More recently, the International Lymphoma Radiation Oncology Group has developed some guidelines on the use of RT in NHL in the modern era . The guidelines claim that RT continues to have an important role in increasing local regional control in combined treatment programs for many early-stage presentations, as well as for selected bulky, extranodal, advanced-stage, aggressive NHL presentations, even though immunochemotherapy with the addition of rituximab has evolved with increasing efficacy for the management of many B-cell NHLs. The guidelines also recommend involved-site RT to replace extended-field and involved-field RT techniques; this is a new concept to define the clinical target volume. When patients with advanced-stage disease achieve a CR after chemotherapy, consolidation involved-site RT is used. Because the gross tumor volume may be markedly affected by systemic chemotherapy, it is particularly important to review the prechemotherapy imaging and outline the prechemotherapy volume as ‘prechemotherapy gross tumor volume'.
The UNFOLDER (Unfavorable Low-Risk Patients Treated with Densification of R-Chemo Regimens) trial, a German phase 3, prospective, randomized trial, is still being conducted by the DHSNHL group. It compares 2 schedules of RCHOP (RCHOP-21 or -14) with or without consolidative RT in aggressive B-cell NHL patients . Relatively young patients (aged 18-60 years), initially with bulky disease (≥7.5 cm) and/or qualifying extranodal involvement, who achieved CR to 6 cycles of RCHOP-14 or -21 will be further randomized to observation versus consolidative RT. The interim analysis disclosed at the International Lymphoma Study Group at the ASTRO 2012 meeting revealed that patients in the consolidative RT arm had superior OS compared to those who received RCHOP alone.
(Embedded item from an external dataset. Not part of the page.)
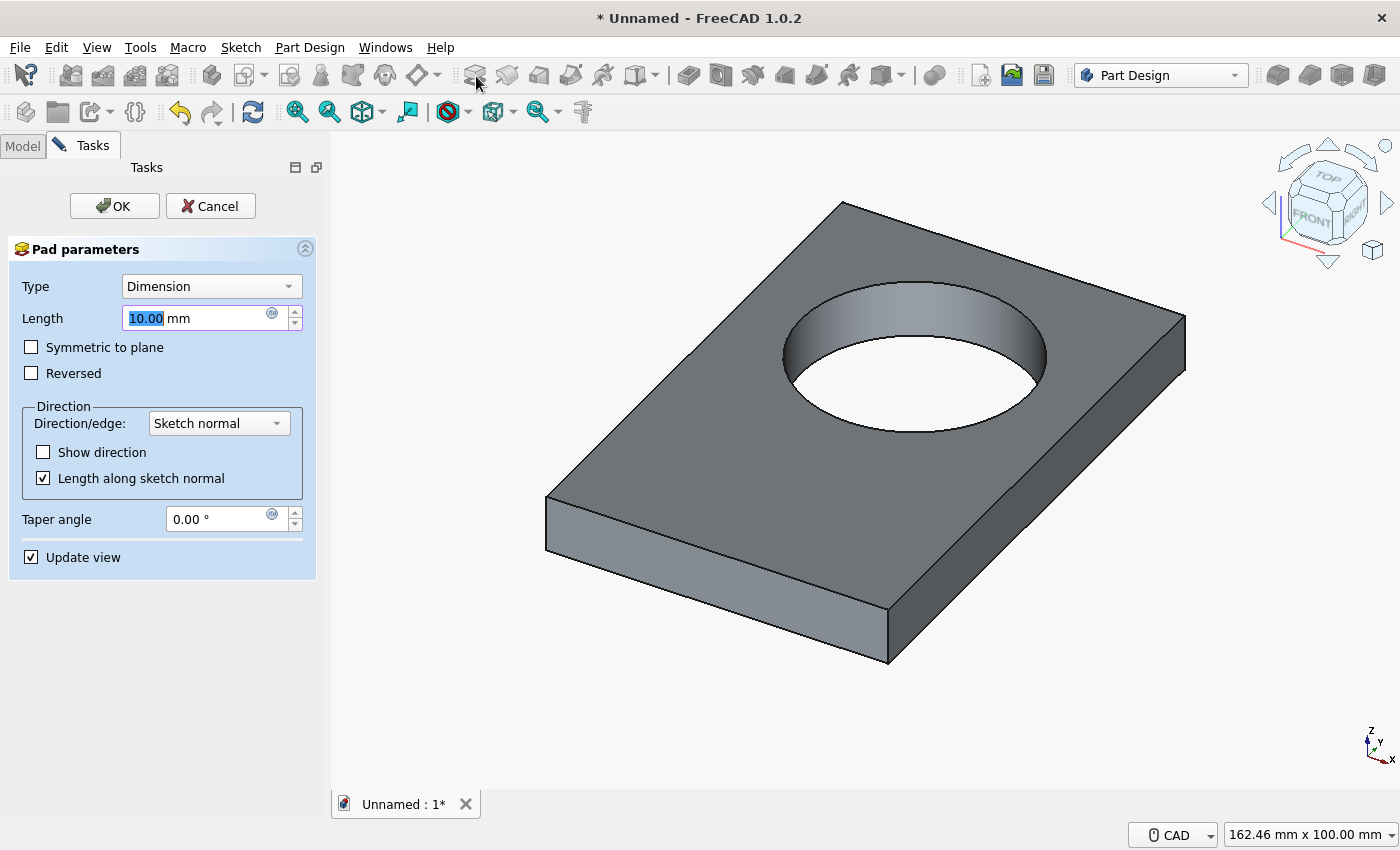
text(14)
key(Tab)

Thus, the immunochemotherapy-alone arms were prematurely closed, while the RCHOP plus RT arms continue to accrue. It was also suggested that additive RT was of great benefit to subpopulations with DLBCL in the rituximab era (ClinicalTrials. gov identifier, NCT00278408). Unfortunately, the data of this particular study were not published, so it could not be included in this meta-analysis. We await additional results from this landmark study to help shed light on the role of consolidative RT.
With advances in medicine, there are still many unanswered questions regarding the effects of RT in patients with DLBCL. It is unclear how to incorporate PET-assessed response into a treatment algorithm for DLBCL, and whether or not PET scans could successfully define a subset of patients who do not benefit from radiation. Investigation is needed as to whether a longer or more intensive course of rituximab-containing chemotherapy without RT is equivalent or even superior to RCHOP combined with RT.
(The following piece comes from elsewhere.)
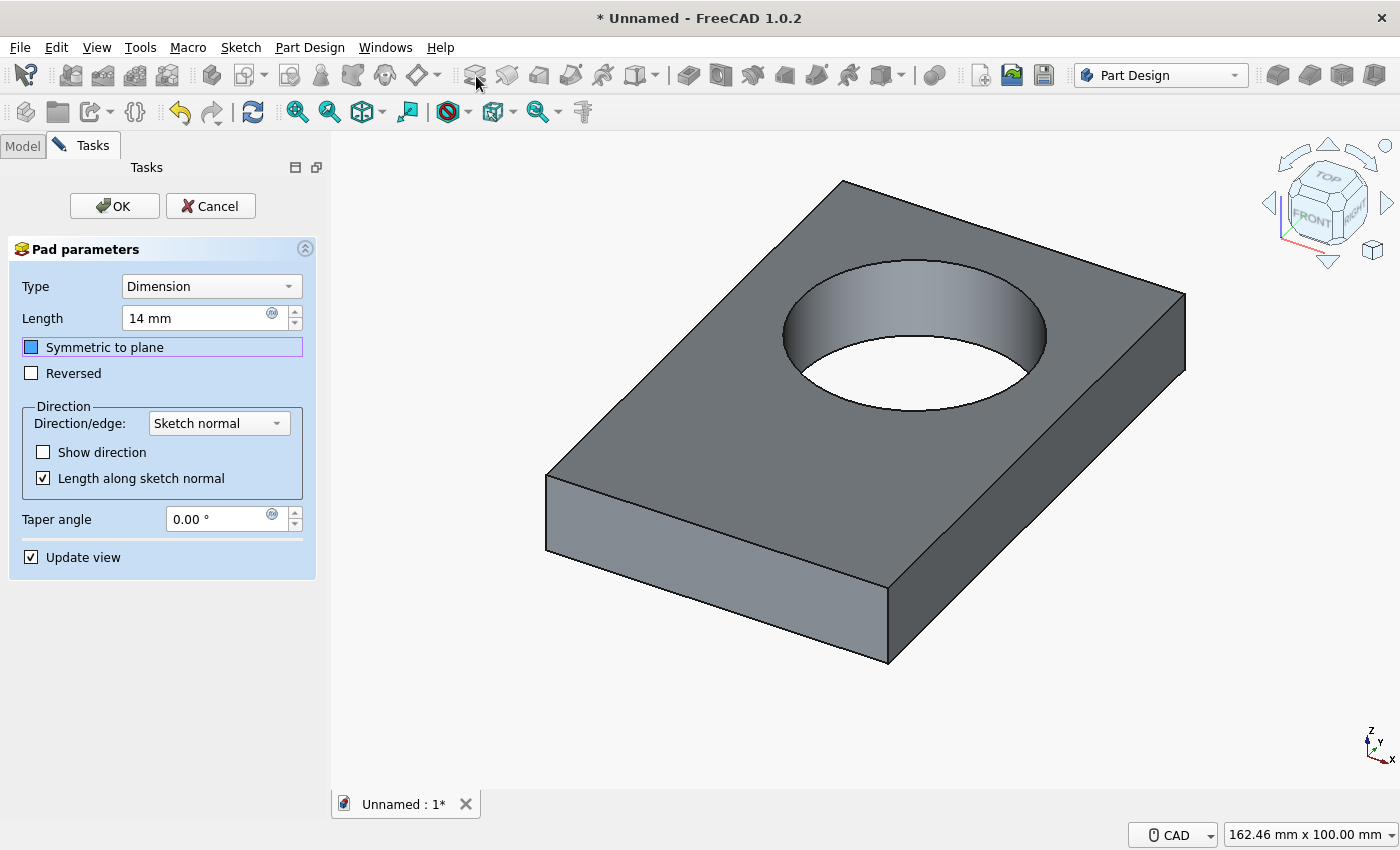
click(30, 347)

Our study strongly supported the hypothesis that RT has a clinically useful role in the rituximab era. It should be considered as an option for DLBCL patients who achieve a CR to RCHOP, especially those with bulky disease. Our conclusions were limited by the retrospective nature of the data. Future prospective studies with a larger sample size are required to confirm our findings.
There are no actual or potential conflicts of interest from the authors.